**Aim of the task**
Count how many lines of the data include "font". The answer is that number and nothing else.

**Task material**
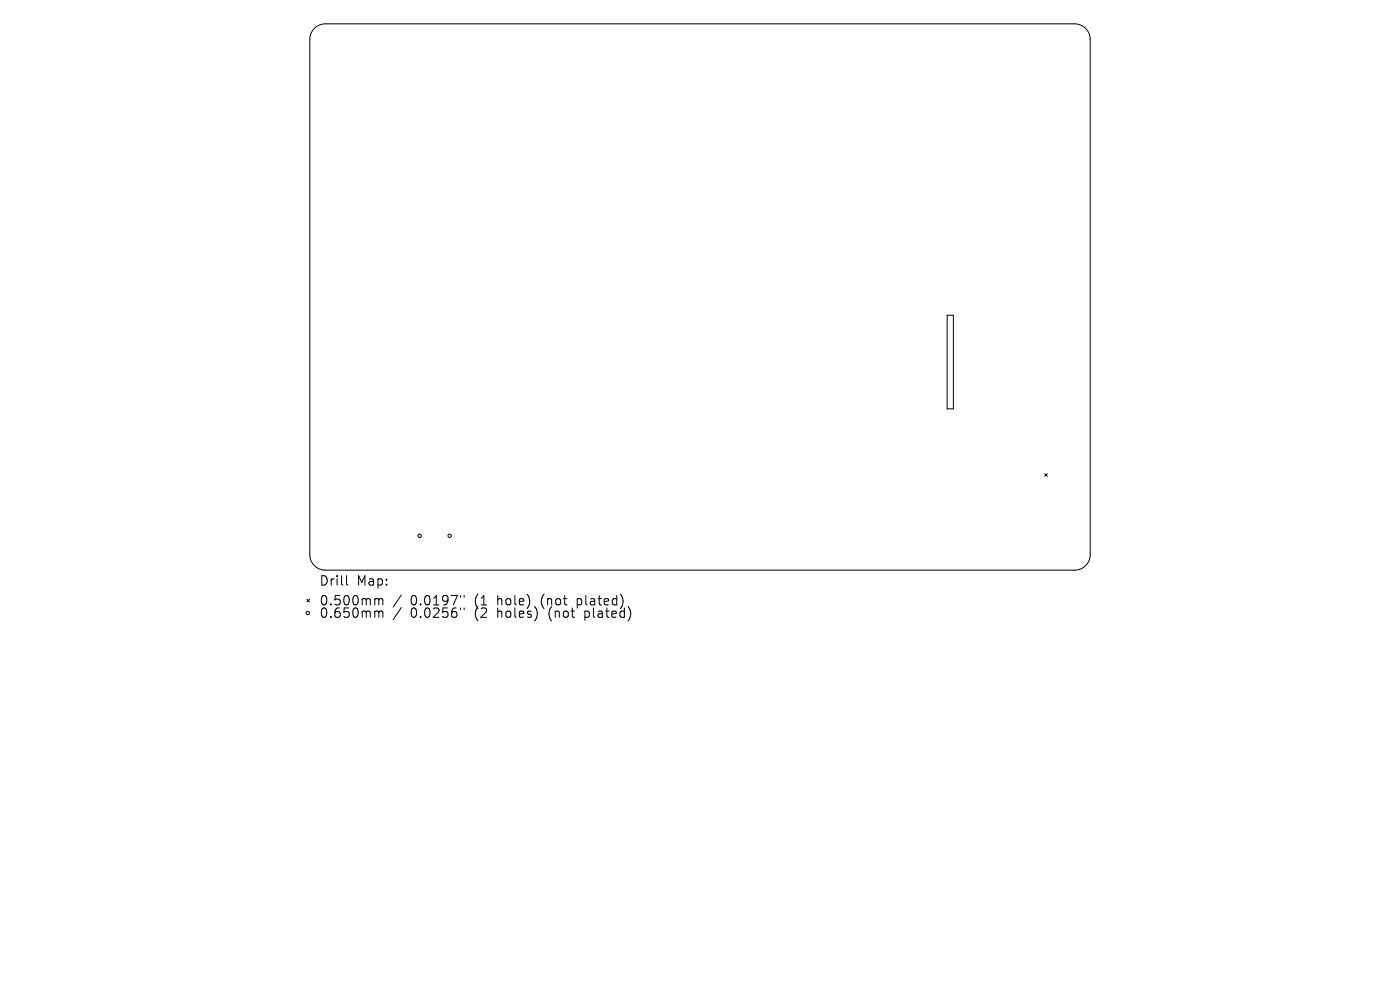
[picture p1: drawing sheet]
<svg xmlns="http://www.w3.org/2000/svg" width="297mm" height="210mm" viewBox="0 0 297 210" stroke-linecap="round" stroke-linejoin="round" font-family="sans-serif">
<defs><g id="words">
<g font-size="2.8">
<text x="67.7" y="124.5">Drill</text>
<text x="75.7" y="124.5">Map:</text>
<text x="67.7" y="128.7">0.500mm</text>
<text x="67.7" y="131.3">0.650mm</text>
<text x="87.1" y="128.7">0.0197&quot;</text>
<text x="87.1" y="131.3">0.0256&quot;</text>
<text x="100.8" y="128.7">(1</text>
<text x="100.8" y="131.3">(2</text>
<text x="105.8" y="128.7">hole)</text>
<text x="105.8" y="131.3">holes)</text>
<text x="115.2" y="128.7">(not</text>
<text x="116.9" y="131.3">(not</text>
<text x="123.1" y="128.7">plated)</text>
<text x="124.7" y="131.3">plated)</text>
</g>
</g></defs>
<g fill="none" stroke="#000" stroke-width=".21">
<path d="M66.7 6a3.3 3.3 0 0 1 2.3-.9h159a3.3 3.3 0 0 1 3.3 3.3v109.2a3.3 3.3 0 0 1-3.3 3.3h-159a3.3 3.3 0 0 1-3.3-3.3v-109.2a3.3 3.3 0 0 1 1-2.4zM200.9 66.9h1.4v19.8h-1.4zM221.6 100.5l.6 .5M222.2 100.5l-.6 .5M65.1 127.1l.6 .6M65.7 127.1l-.6 .6M73.5 122.1v1.7l.3 .3M79.8 127h.3l.3 .3M79.8 129.6l.5 .1 .1 .2M80.4 127.3l.3-.3 .4 .1 .1 1.2M80.4 127.3v1M80.4 129.9v1.1"/>
<path d="M80.4 129.9l.3-.3 .4 .1 .1 1.3M85.1 126.2l-1.7 2.6M85.1 128.9l-1.7 2.5M97.7 126.3v.4M97.7 129v.3M98.5 126.3v.4M98.5 129v.3"/>
<circle cx="89" cy="113.7" r=".36"/>
<circle cx="95.4" cy="113.7" r=".36"/>
<circle cx="65.3" cy="130" r=".36"/>
</g>
<use href="#words"/>
</svg>

**Solution to this task**
2